Intensifying means extending use phase of the product by utilizing share platforms as the value proposition. The strategy can lengthen the lifetime of the product through regular maintenance and updates of the products. Value is created by long lasting customer relationships and servitization. The environmental benefit is reducing waste and new product acquisitions. Dematerialization refers to product-service systems, product utility without ownership of the product through service and software solutions. Value is captured and delivered through slow and close loop capabilities and collaboration. The key elements for the value capturing are regular revenue streams, increased profit margins and new pricing mechanisms (Geissdoerfer et al., 2020). Internet of Things (IoT), remote locating and operating systems, is recognised to be supporting the servitization related CBMs’ by improving in-use and post-use products tracking as well as helping to monitor the maintenance needs or remaining lifetime of products. Companies are known to be currently facing implementation problems of Iot due the data management and adaptability problems considering the fast development phase of Iot technology (Ingemarsdotter, Jamsin &

Balkenende, 2020).

Pedersen et al. (2019) have argued talking about CBM being misleading, as the CE solutions often demand collaboration between multiple parties with interconnected business models. They suggest future research to give more emphasis on different variations of business models in order to bring the CE more present. Geissdoerfer et al.

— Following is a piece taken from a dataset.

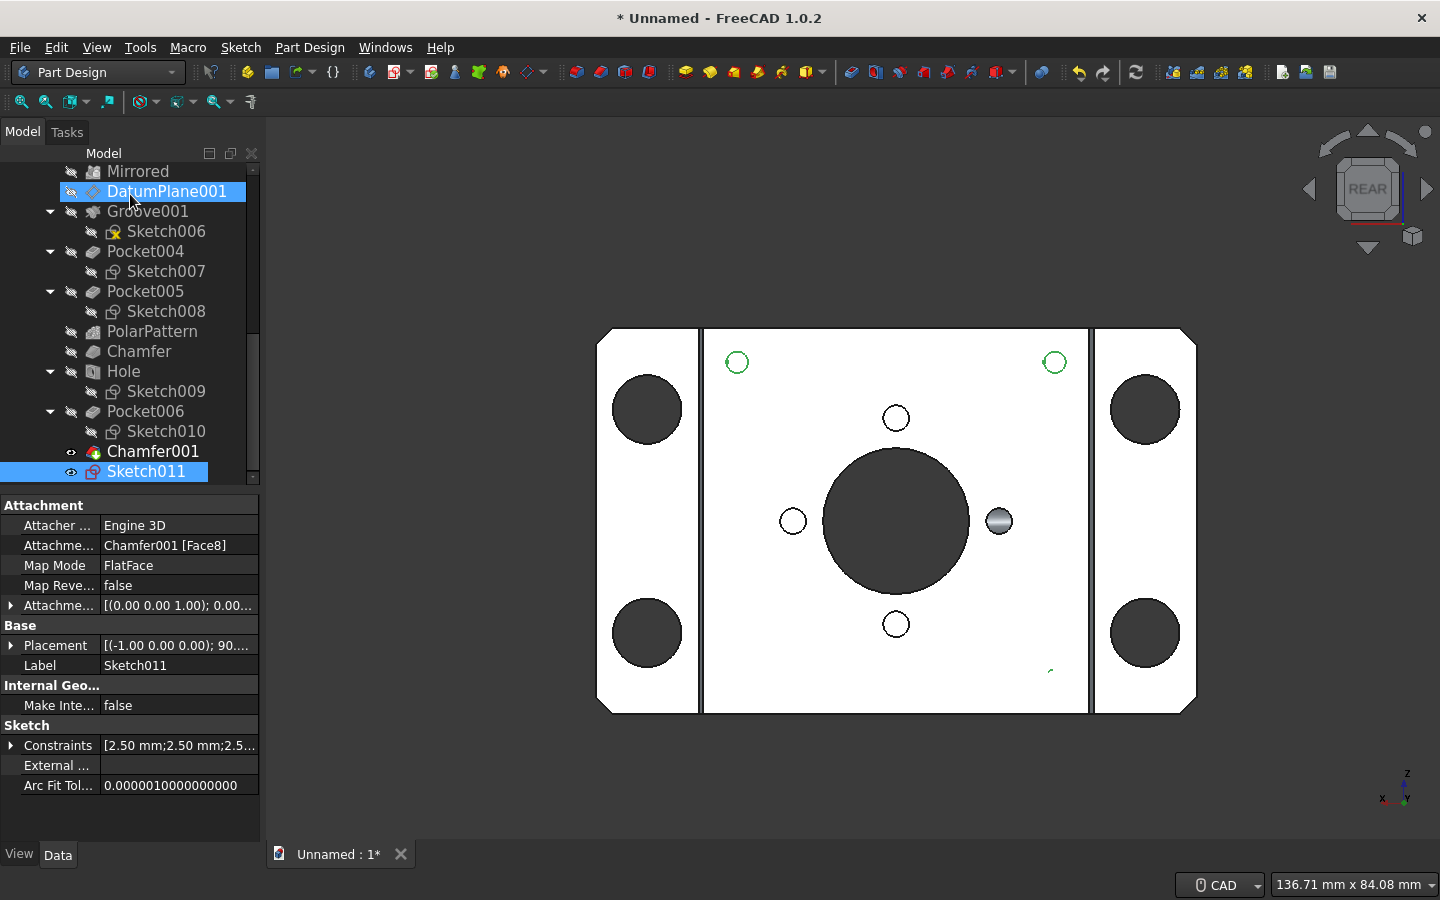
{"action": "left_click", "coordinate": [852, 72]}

(2020) have highlighted in their research the nascent approach of ecosystem view in multi-stakeholder and network cases. Networks are generally considered to be more member stable and risky in literature. Networking is loose connection between the organizations to change information between the parties and described as a cooperation. Members can come and go without disturbing the linkages between the participants. Networks describe closer connection with more formal relationship and tend to have mutual goals and planning, thus comparable to coordination relationships. Network structures are often created by old competitors who joint their functions and goals. It relies strongly on its members and can be comparable with collaboration relationship (Brown & Keast, 2003). As multiple stakeholders join their forces as multi-business view, it leads to a value network. As value network and business model portfolio perspectives are combined, it can be described with ecosystem view. Ecosystem view can be seen to combine multi-stakeholder views into multi-business models. It could go beyond the regular corporate strategy thinking combined with industry analysis elements to collaborative and under investigated competitive elements (Geissdoerfer et al., 2020). Prior literature is not providing information how CBMs are experimented in collaboration based on the conducted literature review. With this study, I want to extend the understanding of how CBMs can be co-experimented and what is the value delivered to the participants as more in-depth understanding of the topic is acknowledged to be needed (Bocken & Antikainen, 2018).